Literatur Archives - PewPewPew - PewPewPew

Ich war am Wochenende erneut auf der Comic Con Stuttgart unterwegs und ein großer Bericht über die vielfältigen Eindrücke wird noch folgen, hier aber erstmal eine Übersicht über meine gerade ausgepackte Ausbeute.

Mit der Sicherheit das größte Highlight war Star Wars Autorin Claudia Gray, die auf Einladung der tollen Leute der Jedi Bibliothek als Stargast kam und fleißig Bücher signierte. Hier und zum Stand von Panini war auch mein erster Gang, schnurstracks vom Parkplatz aus, denn dort gab es die limitierte deutsche Ausgabe von Bloodline. Für mich ist das der wichtigste Roman des ganzen neuen Star Wars Kanons, der elementare politische Hintergründe für die Sequel-Triloge nicht scheute und diesen Filmen ein Fundament verleiht.
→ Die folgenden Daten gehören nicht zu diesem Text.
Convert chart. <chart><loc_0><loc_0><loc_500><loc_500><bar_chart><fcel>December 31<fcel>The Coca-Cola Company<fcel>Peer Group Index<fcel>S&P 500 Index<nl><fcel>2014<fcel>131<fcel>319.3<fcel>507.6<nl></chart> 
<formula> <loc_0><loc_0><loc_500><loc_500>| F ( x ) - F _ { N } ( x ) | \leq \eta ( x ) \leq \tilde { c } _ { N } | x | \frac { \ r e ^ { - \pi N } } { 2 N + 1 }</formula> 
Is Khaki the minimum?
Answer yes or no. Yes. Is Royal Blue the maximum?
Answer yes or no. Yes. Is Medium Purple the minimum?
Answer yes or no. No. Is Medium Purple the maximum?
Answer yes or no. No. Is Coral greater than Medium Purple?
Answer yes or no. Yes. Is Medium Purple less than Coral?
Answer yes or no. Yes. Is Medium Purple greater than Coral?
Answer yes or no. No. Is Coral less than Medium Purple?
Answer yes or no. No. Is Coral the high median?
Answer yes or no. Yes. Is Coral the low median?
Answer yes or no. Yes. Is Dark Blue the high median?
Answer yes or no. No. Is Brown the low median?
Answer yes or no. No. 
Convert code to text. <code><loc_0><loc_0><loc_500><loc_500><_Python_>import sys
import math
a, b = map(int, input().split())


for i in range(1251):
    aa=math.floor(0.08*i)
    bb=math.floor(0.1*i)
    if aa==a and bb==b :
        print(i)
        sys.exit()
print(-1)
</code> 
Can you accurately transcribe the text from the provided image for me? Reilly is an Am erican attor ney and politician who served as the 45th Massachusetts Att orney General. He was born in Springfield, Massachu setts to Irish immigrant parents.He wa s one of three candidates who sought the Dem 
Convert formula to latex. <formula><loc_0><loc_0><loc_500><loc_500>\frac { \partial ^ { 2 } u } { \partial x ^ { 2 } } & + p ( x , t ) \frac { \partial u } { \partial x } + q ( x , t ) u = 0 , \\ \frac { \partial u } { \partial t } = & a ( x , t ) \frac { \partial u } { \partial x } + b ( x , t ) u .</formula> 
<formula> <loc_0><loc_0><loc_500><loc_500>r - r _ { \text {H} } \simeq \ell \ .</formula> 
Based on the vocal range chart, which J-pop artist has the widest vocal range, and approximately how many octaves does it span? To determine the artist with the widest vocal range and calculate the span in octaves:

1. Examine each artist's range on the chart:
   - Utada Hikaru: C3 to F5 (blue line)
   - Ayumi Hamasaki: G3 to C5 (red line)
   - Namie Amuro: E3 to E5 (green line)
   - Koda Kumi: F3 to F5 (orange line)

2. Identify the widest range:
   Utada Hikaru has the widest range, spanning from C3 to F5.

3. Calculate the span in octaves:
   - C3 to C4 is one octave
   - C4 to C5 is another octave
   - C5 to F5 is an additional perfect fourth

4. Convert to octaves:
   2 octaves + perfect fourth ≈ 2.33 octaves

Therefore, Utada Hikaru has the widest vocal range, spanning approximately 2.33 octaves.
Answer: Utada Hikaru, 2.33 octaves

Für mich die besten neuen Dino-Toys seit der originalen Kenner-Toyline aus 1993: Der Spinosaurus und Stegosaurus aus der Hammond Collection, die für höhere Qualität steht bei Mattel steht. Ich hatte auf die beiden Kandidaten schon länger ein Auge geworfen, zumal ich zum Release von JP3 keine Toys mehr kaufte und daher nie den wohl eher seltenen Spinosaurus hatte. Bin sehr gespannt, wie die sich pairen lassen mit den alten Kenner-Exemplaren im Regal.

Ich bin mir sicher, dass ich hier schon den ein oder anderen schon hatte, aber von limitierten Messe-Comics kann man – besonders bei einem Preis von 3€ das Stück – nicht genug haben. Lücken in der Sammlung geschlossen! Leider habe ich den Stand von dem Typen, der letzte Jahr so viele englischsprachige Dark Horse Comics hatte, nicht mehr gefunden. Vielleicht auch besser so, es wäre teuer geworden.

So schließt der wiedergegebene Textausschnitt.